Given the fact the Russian word for furry, when used as an adjective, is Пушистый (Pushistye*) it might be better to just adapt the original english word for the fandom. Plus given the fact that previous to the fandom coming there there was no word for furry, when it is ised as a noun, it might be better to adapt words that already exist. Such is the joy of translating phrases when the word type is not being used for its traditional purpose.
*I apologize if this is not the best transliteration of cyrillic, as there is, in my experience, no academically accepted way of correctly transliterating out certain cyrillic letters, there is just what is popular. Also llike you said in the above comment, there are certain words that have a preferred transliteration based on the country.

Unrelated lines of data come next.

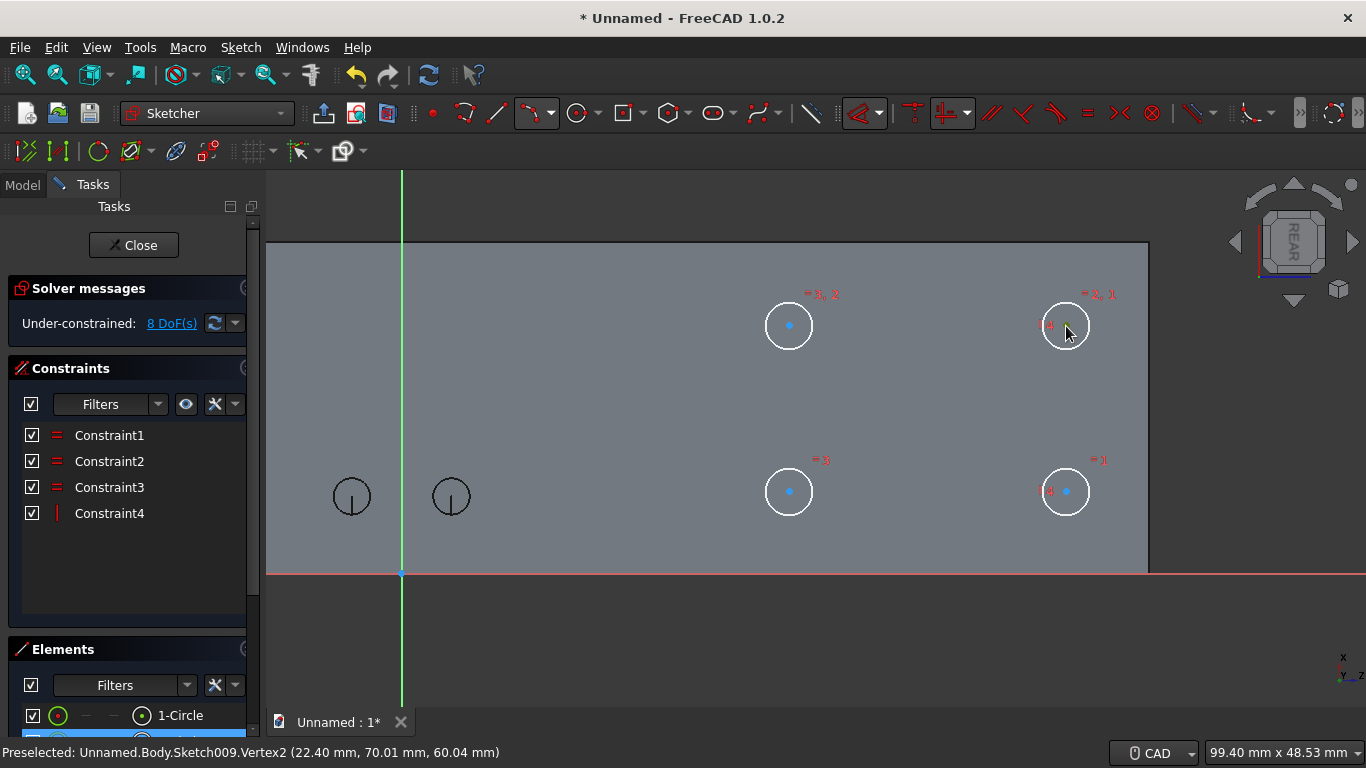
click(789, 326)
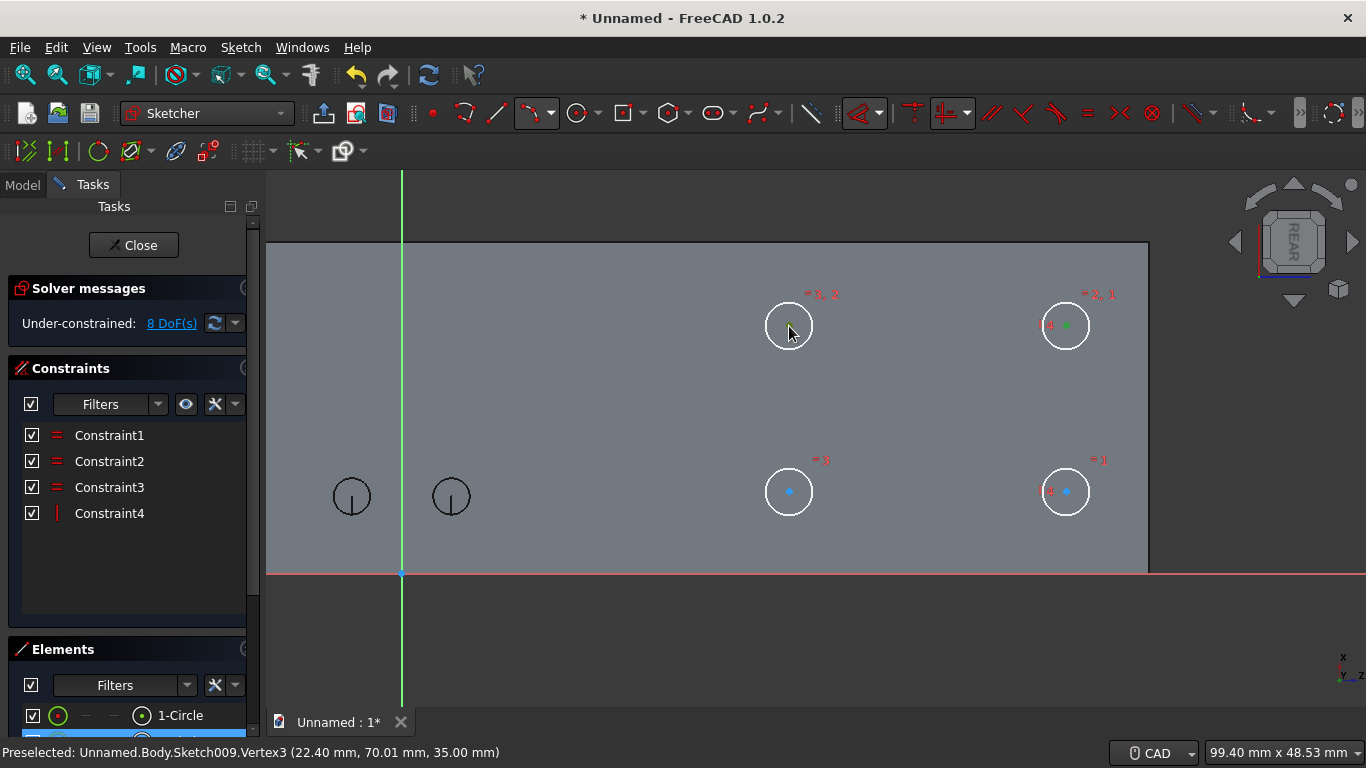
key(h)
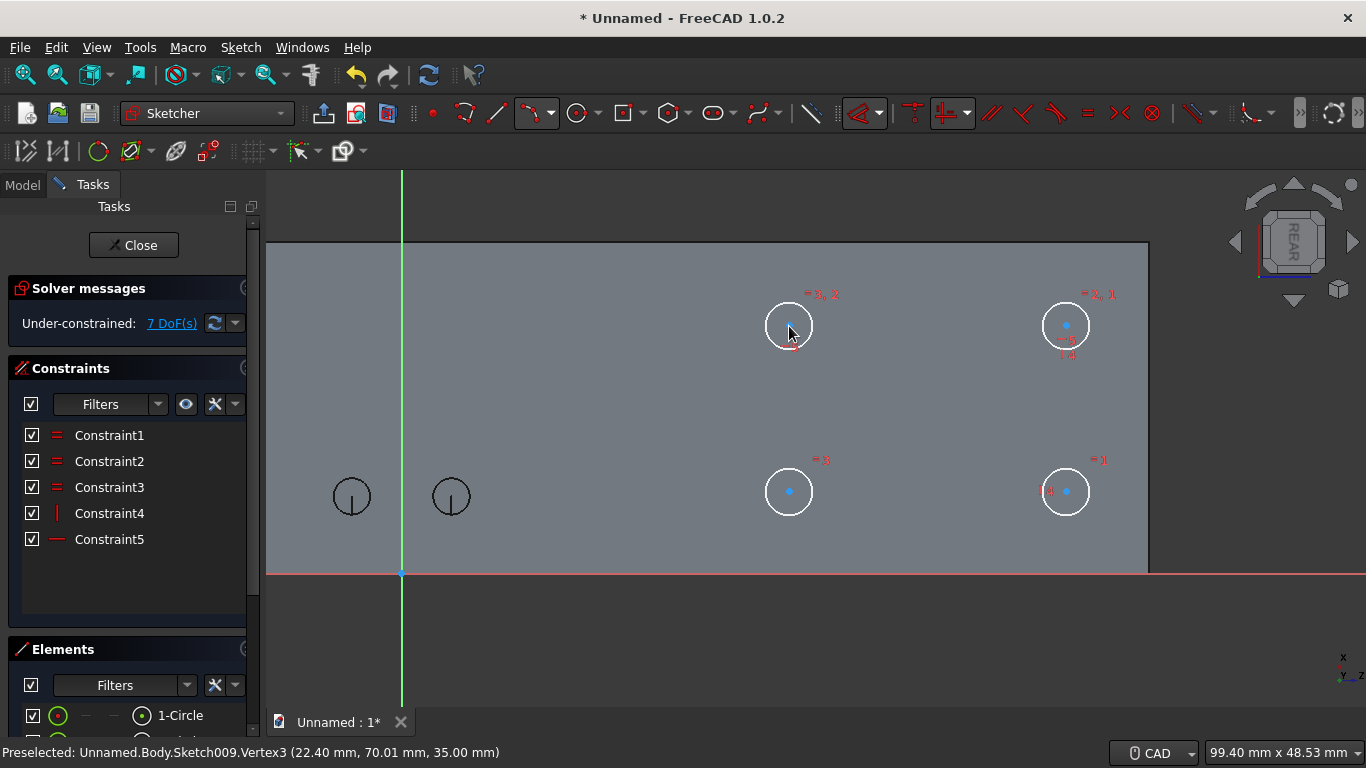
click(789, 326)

> For the last 20 or so years they have not been translating anything, and simply adopting more english words, writing them in Cyrillic letters.
Pretty much every language has been doing that for a long time, actually, especially when it comes to technical jargon. It’s quite noticeable if you listen to someone talking about a subject that has a lot of technical terms related to it, such as this video about how an air filter on a car works in Swahili. But I suppose that’s only fair, since as you said, English has always loved to shamelessly steal words from all the other languages.
One nitpick about the list, though: it seems that, in a lot of languages, the word that’s commonly used for furry characters is different from the word used for furry fandom as a whole, so if you’re planning on including a list like this in a future book, I think it would be good to ask people from different countries to clarify whether they have different words that they use in those cases.
For instance, the word I’ve always seen Japanese-speaking artists on the internet use for furry characters is “kemono”, written as either 「ケモノ」 or as the kanji 「獣」. (The literal meaning of that kanji is, in fact, a furred animal, and when written by itself, it can be pronounced either “kemono” or “kedamono”, but I’ve only ever heard the former used when referring to furry characters.) The word “kemono” is not used to refer to fans of furry characters in real life, but “kemono fan” (ケモノファン), taking the English word “fan” as a loanword, is a term I’ve seen used sometimes, such as in this press release about CyberConnect2’s (the people who developed the video games Tail Concerto and Solatorobo) presence at a comic convention called Kemoket.
Thanks for including the Esperanto translation, Fred!
In Finnish, “turri” is used.
Japanese is kinda incorrect. It’s would be ケモノ (Kemono), meaning beast. When katakana is used however, it almost exclusively refers to furries.